Swimmer963 comments on Negative and Positive Selection - Less Wrong

71 Post author: alyssavance 06 July 2012 01:34AM

You are viewing a comment permalink. View the original post to see all comments and the full post content.

Comments (262)

You are viewing a single comment's thread. Show more comments above.

Comment author: komponisto 07 July 2012 10:46:18PM *  1 point [-]

Conscientiousness is what you need in order to finish what you start, when what you started is something that somebody else told you to do. When it's your own thing, you need a lot less of it.

As for political savvy -- that isn't required at all. Unless by "research" you mean "political success in the human occupation customarily but misleadingly labeled 'research'." (The "as such" qualifier a few comments above was intended to rule that out.)

Comment author: Swimmer963 07 July 2012 11:06:58PM 0 points [-]

When it's your own thing, you need a lot less of it.

This strikes me as untrue for most people. Can you give me examples of people who were not conscientious and were nonetheless able to complete large, multi-step projects?

Comment author: Nornagest 07 July 2012 11:41:05PM 1 point [-]

I actually find myself much more capable of finishing large, multi-step projects when they've got social implications riding on them. I enjoy my private projects more when I'm doing them, but have trouble finishing them if they take more than a few hours of serious work.

The first category does include things that others didn't directly tell me to do, though: there's also things I'm doing as favors to others, public-facing projects I came up with independently, and so on.

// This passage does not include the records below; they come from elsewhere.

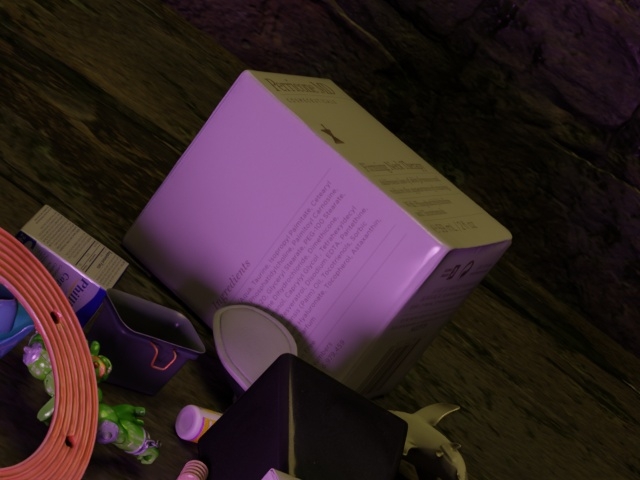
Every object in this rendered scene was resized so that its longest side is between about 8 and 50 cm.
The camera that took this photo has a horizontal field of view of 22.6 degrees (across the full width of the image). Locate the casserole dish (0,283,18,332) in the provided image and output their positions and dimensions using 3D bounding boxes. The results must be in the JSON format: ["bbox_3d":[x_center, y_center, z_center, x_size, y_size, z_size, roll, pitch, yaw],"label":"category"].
[{"bbox_3d":[-0.391,0.044,1.680,0.188,0.037,0.114,13,30,-53],"label":"casserole dish"}]

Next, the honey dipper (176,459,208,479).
[{"bbox_3d":[-0.159,0.292,1.783,0.030,0.030,0.160,37,21,-2],"label":"honey dipper"}]

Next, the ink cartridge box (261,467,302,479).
[{"bbox_3d":[-0.007,0.352,1.709,0.212,0.154,0.093,26,21,-35],"label":"ink cartridge box"}]

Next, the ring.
[{"bbox_3d":[-0.349,0.124,1.587,0.336,0.032,0.336,35,41,-39],"label":"ring"}]

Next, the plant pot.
[{"bbox_3d":[-0.023,0.280,1.852,0.188,0.187,0.167,32,31,-21],"label":"plant pot"}]

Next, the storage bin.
[{"bbox_3d":[-0.221,0.134,1.949,0.135,0.091,0.098,21,23,-42],"label":"storage bin"}]

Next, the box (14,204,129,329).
[{"bbox_3d":[-0.327,0.034,2.027,0.137,0.072,0.126,36,17,-5],"label":"box"}]

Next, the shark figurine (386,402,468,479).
[{"bbox_3d":[0.153,0.326,2.220,0.166,0.116,0.278,-11,32,-24],"label":"shark figurine"}]

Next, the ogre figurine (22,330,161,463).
[{"bbox_3d":[-0.263,0.171,1.778,0.197,0.097,0.118,65,6,9],"label":"ogre figurine"}]

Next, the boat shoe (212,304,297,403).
[{"bbox_3d":[-0.066,0.203,2.100,0.114,0.091,0.302,-8,40,-21],"label":"boat shoe"}]

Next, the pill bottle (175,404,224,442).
[{"bbox_3d":[-0.134,0.230,1.959,0.083,0.043,0.043,23,22,-41],"label":"pill bottle"}]

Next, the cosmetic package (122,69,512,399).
[{"bbox_3d":[0.000,0.000,2.349,0.394,0.327,0.329,42,17,15],"label":"cosmetic package"}]

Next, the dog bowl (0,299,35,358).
[{"bbox_3d":[-0.420,0.070,1.741,0.166,0.074,0.297,43,17,14],"label":"dog bowl"}]

Comment author: komponisto 08 July 2012 01:02:43AM 0 points [-]

most people

Not really the issue in this discussion, which is about the negative effects of a filtering system that excludes a certain small but highly valuable population.

Can you give me examples of people who were not conscientious and were nonetheless able to complete large, multi-step projects?

As I've suggested earlier, EY is a pretty good example of the type of personality I have in mind.

Comment author: Swimmer963 08 July 2012 01:28:28AM 1 point [-]

most people

Not really the issue in this discussion, which is about the negative effects of a filtering system that excludes a certain small but highly valuable population.

Fair enough. The highly valuable 'outliers' are likely going to be different enough from me that I'll have trouble mapping and comparing my traits onto theirs, which makes that kind of comparison not very useful.

EY is a pretty good example of the type of personality I have in mind.

You may know better than me, but as far as I can tell, EY does have the ability to coax himself into working productively on projects that aren't necessarily a lot of fun all the time. He just won't do it for any goal that that he doesn't consider important. He strikes me more as someone who dislikes authority figures and cares less about the typical social reinforcement that comes of achieving more "conventional" goals, like going to university.

Comment author: komponisto 08 July 2012 01:44:09AM 2 points [-]

He just won't do it for any goal that that he doesn't consider important.

Yes, exactly. This is exactly the kind of story that such folks will tell about themselves.

Whereas, by contrast, the "conscientious" have enough willpower resources to spare for tasks that others consider "important" for them to do, as well.